Exercise directions ▸ Look below for the line with "What type of" and the line with "<formula> <loc_0><loc_0><loc_500><loc_500>X _". Copy exactly those two lines and every line between, but not the pictures.

Data for this exercise ▸
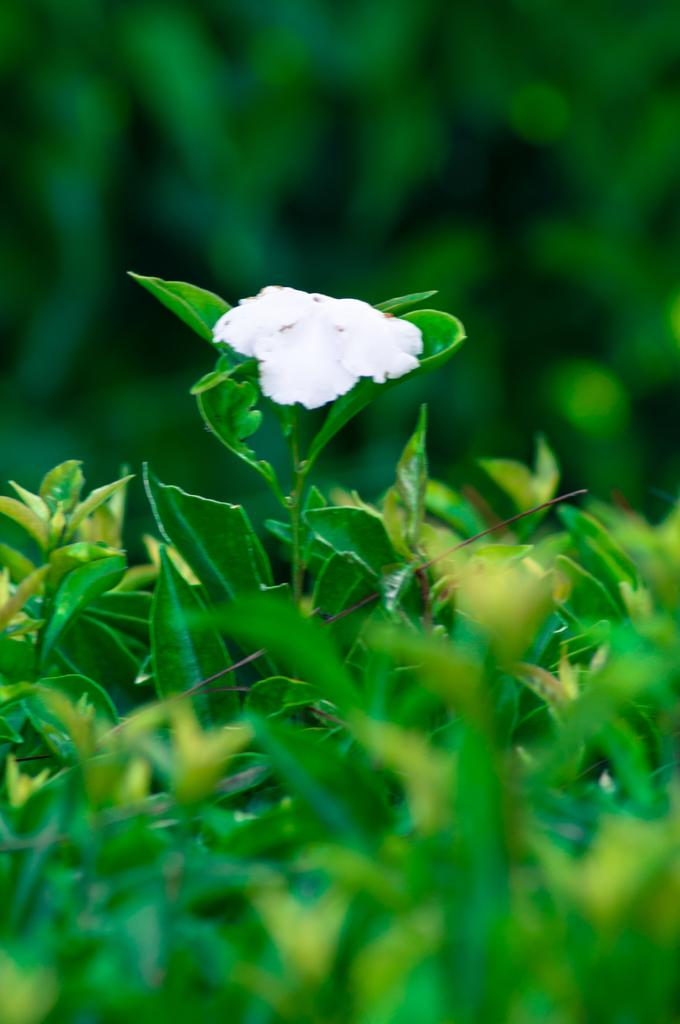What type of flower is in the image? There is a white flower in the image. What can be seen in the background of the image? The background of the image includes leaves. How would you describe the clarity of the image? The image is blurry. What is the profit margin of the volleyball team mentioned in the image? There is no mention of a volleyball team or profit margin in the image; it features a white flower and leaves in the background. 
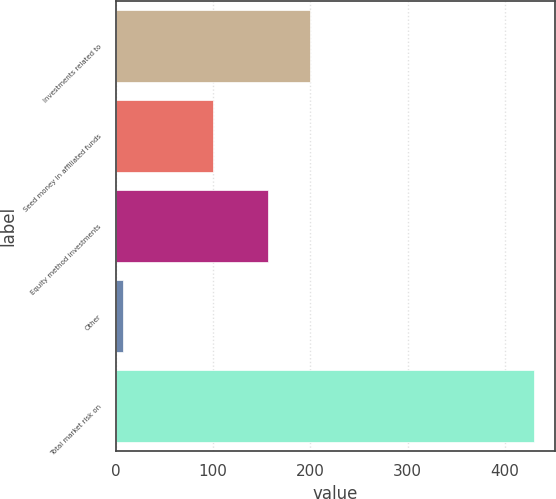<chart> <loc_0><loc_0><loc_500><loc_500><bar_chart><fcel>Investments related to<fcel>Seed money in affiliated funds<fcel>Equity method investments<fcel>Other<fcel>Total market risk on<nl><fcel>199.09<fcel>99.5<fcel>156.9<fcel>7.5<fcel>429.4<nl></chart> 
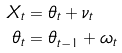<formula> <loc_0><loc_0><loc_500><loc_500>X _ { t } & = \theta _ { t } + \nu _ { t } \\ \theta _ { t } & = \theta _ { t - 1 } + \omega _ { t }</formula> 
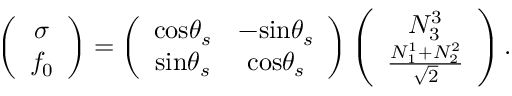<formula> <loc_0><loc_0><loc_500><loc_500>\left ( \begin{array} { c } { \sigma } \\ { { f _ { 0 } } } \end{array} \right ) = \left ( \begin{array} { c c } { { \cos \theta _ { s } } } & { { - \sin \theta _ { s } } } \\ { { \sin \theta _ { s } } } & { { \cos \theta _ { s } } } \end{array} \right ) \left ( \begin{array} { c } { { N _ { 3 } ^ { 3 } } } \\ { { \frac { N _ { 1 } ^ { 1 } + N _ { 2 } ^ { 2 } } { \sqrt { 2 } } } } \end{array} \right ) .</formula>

---

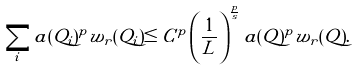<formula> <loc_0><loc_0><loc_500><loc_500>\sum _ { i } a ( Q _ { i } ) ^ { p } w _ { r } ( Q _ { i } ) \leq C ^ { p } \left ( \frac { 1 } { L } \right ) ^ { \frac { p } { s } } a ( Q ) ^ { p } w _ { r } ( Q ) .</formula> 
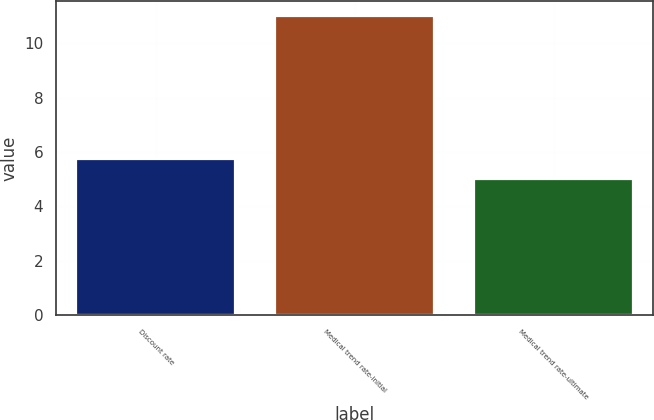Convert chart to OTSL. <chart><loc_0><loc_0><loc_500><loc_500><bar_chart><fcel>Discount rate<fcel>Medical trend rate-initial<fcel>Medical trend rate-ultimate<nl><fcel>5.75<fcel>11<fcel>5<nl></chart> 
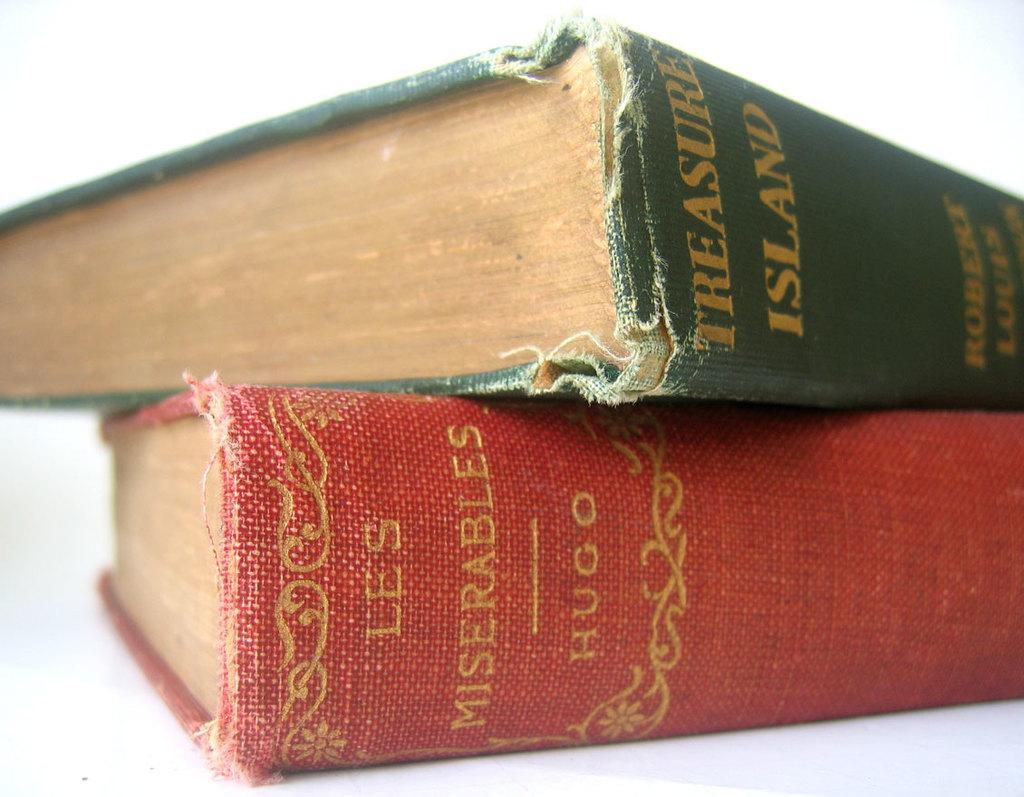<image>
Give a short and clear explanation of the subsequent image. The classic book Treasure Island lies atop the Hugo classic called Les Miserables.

Result of the task ▸
What type of flower is in the image? There is a white flower in the image. What can be seen in the background of the image? The background of the image includes leaves. How would you describe the clarity of the image? The image is blurry. What is the profit margin of the volleyball team mentioned in the image? There is no mention of a volleyball team or profit margin in the image; it features a white flower and leaves in the background. 
<chart> <loc_0><loc_0><loc_500><loc_500><bar_chart><fcel>Investments related to<fcel>Seed money in affiliated funds<fcel>Equity method investments<fcel>Other<fcel>Total market risk on<nl><fcel>199.09<fcel>99.5<fcel>156.9<fcel>7.5<fcel>429.4<nl></chart> 
<formula> <loc_0><loc_0><loc_500><loc_500>X _ { t } & = \theta _ { t } + \nu _ { t } \\ \theta _ { t } & = \theta _ { t - 1 } + \omega _ { t }</formula> 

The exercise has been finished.